Health officials in Cabarrus, Gaston and Mecklenburg counties are reporting a recent increase in the number of cases of the vaccine-preventable, highly contagious viral liver infection.
Gaston County has recorded 122 hepatitis A cases so far in 2021, health officials said Thursday afternoon. That's a dramatic spike from 33 total cases reported in the county between 2018 and 2020.
"We’re worried. I mean...our numbers have—what? Quadrupled?" Ellen Wright, communicable disease supervisor for the Gaston County Health Department told reporters.
Wright said she didn't know what caused the recent uptick in cases, though she added that North Carolina has been experiencing an outbreak of hepatitis A since 2018. According to the state’s Department of Health and Human Services, 777 cases and 12 deaths were recorded statewide between April 1, 2018 and May 12, 2021. Cases have occurred primarily among people who use injection or non-injection drugs, people experiencing homelessness and men who have sex with men, according to DHHS.
Hepatitis A, according to the Centers for Disease Control and Prevention, is a vaccine-preventable liver infection caused by the hepatitis A virus, which is found in the feces and blood of people who are infected. It is spread through close person-to-person contact, sexual contact and by ingesting contaminated food or water.
Wright said at least two of Gaston County's cases occurred in people whose job duties included food-handling. Neither Wright nor the county's health director, Steve Eaton, would identify the establishments where the infected people were working. Through a county spokesperson, Eaton said the two cases were "unrelated and isolated."
"Through our investigation, we identified no workplace contacts and based on state definitions deemed this very low risk due to appropriate protective measures being taken in the workplace and lack of symptoms at work," Eaton said in a statement emailed by a county spokesperson. "That is why there was not a public notification unlike previous cases/situations where we were concerned about potential public exposures and alerted the public to assist with our contact tracing."
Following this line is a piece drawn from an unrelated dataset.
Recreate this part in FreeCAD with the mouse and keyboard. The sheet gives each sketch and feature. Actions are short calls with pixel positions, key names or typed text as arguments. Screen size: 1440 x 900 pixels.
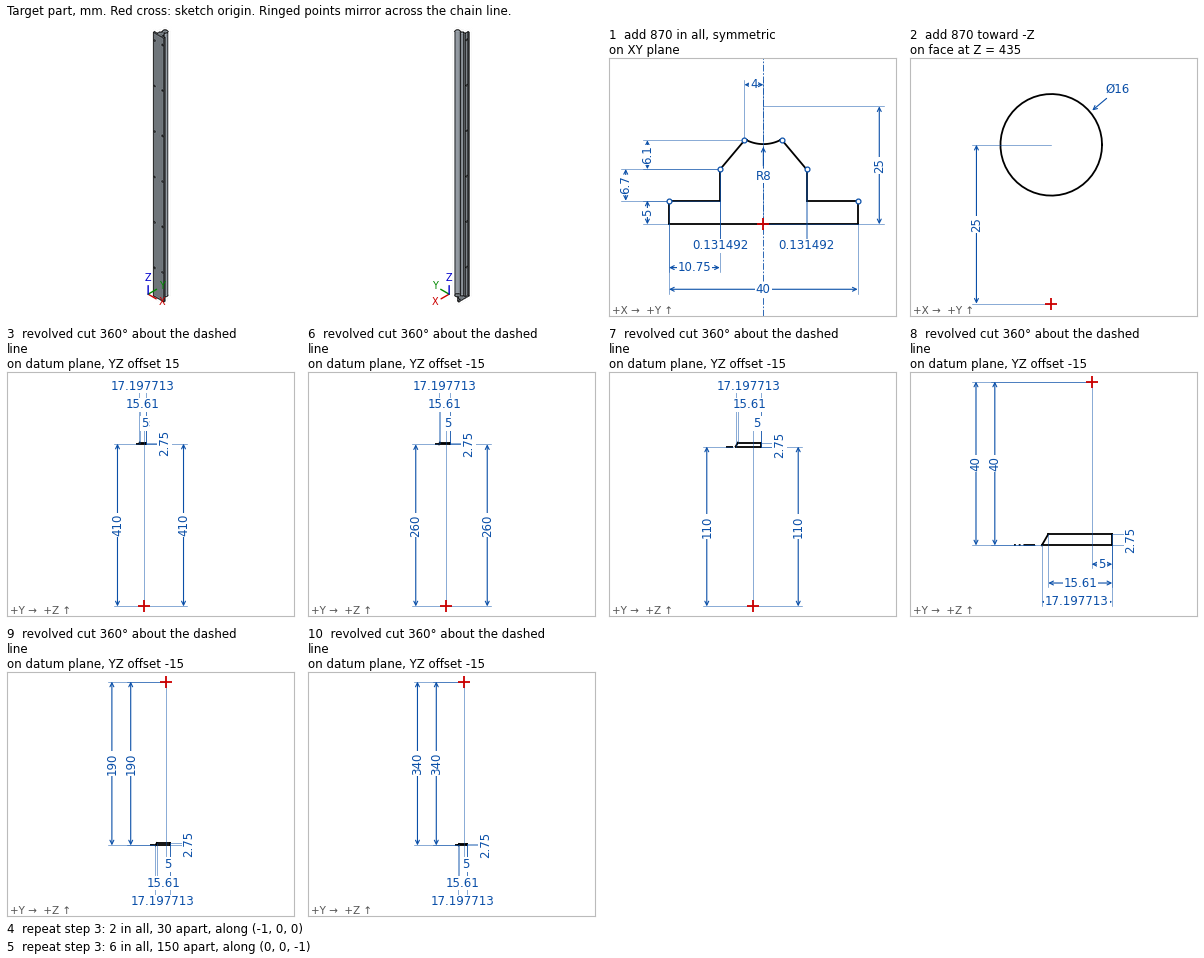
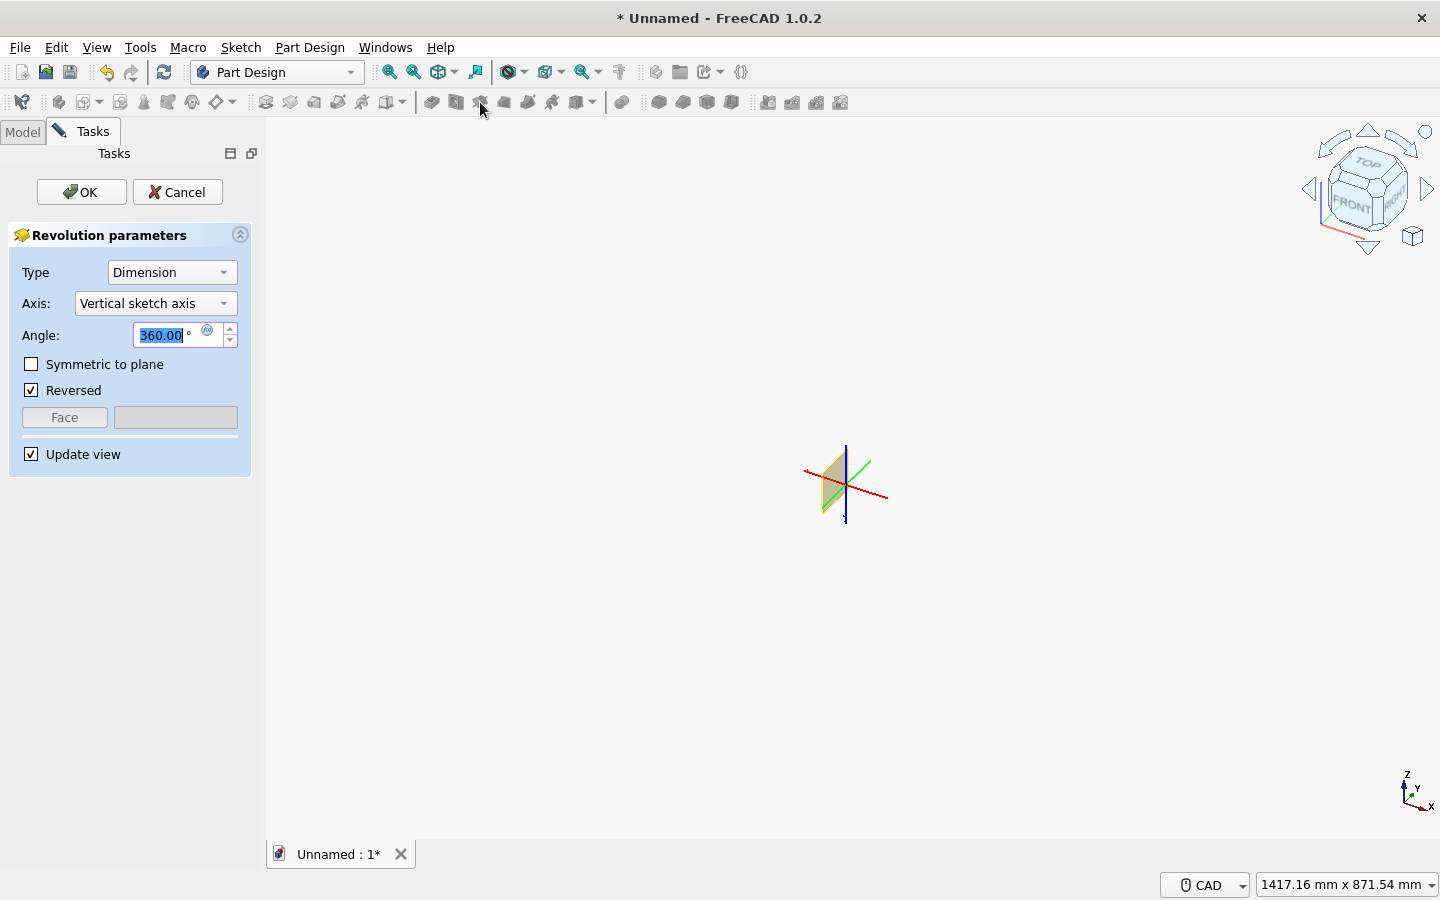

Wright urged residents to get vaccinated against hepatitis A, wash their hands regularly and wash their produce before eating it.
In 2018, Mecklenburg County Public Health spent two weeks vaccinating some 2,000 people who had been exposed to hepatitis A at a Hardee’s by an infected employee. So far this year, the agency has logged 14 cases — two more than the 12 total cases in 2020, according to Gibbie Harris, the county’s public health director.
“We are seeing an increase. We’re not seeing what some other counties are seeing,” Harris said Wednesday.
But, she added: "It's happening around us. That's the problem. We're seeing it in other counties so we know that we have a potential issue that we've got to take care of."
In Cabarrus County, health officials recorded 18 hepatitis A cases between January and May of this year compared to just three cases in all of 2019, said Suzanne Knight, the chief clinical director at the county’s health department, Cabarrus Health Alliance. Knight said none of the county’s cases have been associated with a food worker so far.
“Keep washing your hands. I mean washing, washing, washing your hands with soap and warm water,” Knight said. “It’s not only important for COVID but it’s really, really important for hepatitis A, too...especially after using the bathroom.”
Harris said the Mecklenburg County health department is partnering with Charlotte-area homeless shelters this week and next to set up vaccine clinics for both hepatitis A and COVID-19. The Cabarrus Health Alliance has also started hepatitis A vaccine clinics for its residents, according to Knight.